[EXERCISE INSTRUCTIONS] Wherever a line in the data holds the word "each", pull that line out.

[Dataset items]
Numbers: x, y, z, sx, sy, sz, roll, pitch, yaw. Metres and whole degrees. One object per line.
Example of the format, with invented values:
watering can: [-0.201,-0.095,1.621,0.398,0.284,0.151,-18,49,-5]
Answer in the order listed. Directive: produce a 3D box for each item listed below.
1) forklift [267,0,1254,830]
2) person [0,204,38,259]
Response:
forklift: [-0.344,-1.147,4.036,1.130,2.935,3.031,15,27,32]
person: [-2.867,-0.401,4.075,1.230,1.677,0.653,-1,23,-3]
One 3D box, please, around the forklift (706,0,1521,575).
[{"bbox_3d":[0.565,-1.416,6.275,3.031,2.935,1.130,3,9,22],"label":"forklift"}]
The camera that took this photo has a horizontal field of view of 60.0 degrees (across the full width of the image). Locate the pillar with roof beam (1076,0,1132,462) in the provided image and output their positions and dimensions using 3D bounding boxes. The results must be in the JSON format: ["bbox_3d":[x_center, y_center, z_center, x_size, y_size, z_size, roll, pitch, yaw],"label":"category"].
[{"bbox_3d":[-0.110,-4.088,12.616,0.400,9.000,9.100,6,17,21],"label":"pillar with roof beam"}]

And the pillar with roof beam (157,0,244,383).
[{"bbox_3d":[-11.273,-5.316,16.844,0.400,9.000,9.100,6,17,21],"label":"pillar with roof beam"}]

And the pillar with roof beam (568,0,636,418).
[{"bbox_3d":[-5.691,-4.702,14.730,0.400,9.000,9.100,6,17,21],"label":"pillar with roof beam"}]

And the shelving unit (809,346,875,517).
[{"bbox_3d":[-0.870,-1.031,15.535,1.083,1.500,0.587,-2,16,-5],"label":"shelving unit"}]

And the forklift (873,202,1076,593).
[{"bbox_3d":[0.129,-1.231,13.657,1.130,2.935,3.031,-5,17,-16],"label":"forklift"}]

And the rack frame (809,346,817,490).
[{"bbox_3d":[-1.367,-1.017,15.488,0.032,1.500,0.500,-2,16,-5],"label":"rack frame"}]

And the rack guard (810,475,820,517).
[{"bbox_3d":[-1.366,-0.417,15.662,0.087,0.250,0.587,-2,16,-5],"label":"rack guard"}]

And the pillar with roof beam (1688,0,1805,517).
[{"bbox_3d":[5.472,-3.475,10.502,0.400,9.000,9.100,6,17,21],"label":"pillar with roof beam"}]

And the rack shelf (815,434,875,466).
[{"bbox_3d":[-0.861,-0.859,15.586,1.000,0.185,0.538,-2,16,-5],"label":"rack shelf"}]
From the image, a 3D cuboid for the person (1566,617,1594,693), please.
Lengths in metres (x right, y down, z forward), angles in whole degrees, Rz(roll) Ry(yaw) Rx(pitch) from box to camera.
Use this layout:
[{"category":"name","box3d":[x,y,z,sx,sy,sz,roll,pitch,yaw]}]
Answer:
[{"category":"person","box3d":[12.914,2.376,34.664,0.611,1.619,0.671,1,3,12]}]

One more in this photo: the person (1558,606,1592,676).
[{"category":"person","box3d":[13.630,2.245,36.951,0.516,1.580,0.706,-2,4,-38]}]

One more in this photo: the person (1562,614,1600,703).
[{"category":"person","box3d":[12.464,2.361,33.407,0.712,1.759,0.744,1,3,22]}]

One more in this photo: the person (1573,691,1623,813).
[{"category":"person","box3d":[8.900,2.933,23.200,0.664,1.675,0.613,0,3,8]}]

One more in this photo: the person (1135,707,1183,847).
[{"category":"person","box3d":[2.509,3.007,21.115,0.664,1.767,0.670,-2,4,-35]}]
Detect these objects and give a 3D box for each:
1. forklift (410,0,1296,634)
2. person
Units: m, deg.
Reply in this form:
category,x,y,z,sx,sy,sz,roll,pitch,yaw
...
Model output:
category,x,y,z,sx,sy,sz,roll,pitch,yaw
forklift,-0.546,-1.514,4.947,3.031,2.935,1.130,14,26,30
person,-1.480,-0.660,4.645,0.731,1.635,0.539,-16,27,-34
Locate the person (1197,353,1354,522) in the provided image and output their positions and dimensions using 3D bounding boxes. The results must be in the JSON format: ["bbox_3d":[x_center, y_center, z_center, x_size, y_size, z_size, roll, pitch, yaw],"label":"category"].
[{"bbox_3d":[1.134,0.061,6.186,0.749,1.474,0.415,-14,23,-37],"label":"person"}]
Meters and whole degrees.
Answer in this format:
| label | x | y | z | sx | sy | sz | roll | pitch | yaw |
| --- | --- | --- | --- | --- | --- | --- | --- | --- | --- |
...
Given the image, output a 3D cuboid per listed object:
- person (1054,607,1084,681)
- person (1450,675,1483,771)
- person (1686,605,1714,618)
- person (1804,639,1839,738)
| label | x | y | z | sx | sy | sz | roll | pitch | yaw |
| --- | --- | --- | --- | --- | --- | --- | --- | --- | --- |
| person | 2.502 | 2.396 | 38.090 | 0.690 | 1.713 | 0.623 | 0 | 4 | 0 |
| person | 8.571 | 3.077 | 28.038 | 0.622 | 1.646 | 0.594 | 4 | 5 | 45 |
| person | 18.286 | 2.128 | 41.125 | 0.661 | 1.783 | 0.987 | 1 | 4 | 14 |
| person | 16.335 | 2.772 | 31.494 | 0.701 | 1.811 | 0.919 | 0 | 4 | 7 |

[RESPONSE AREA]
Answer in the order listed. Directive: produce a 3D box for each item listed below.
Detect these objects and give a 3D box for each:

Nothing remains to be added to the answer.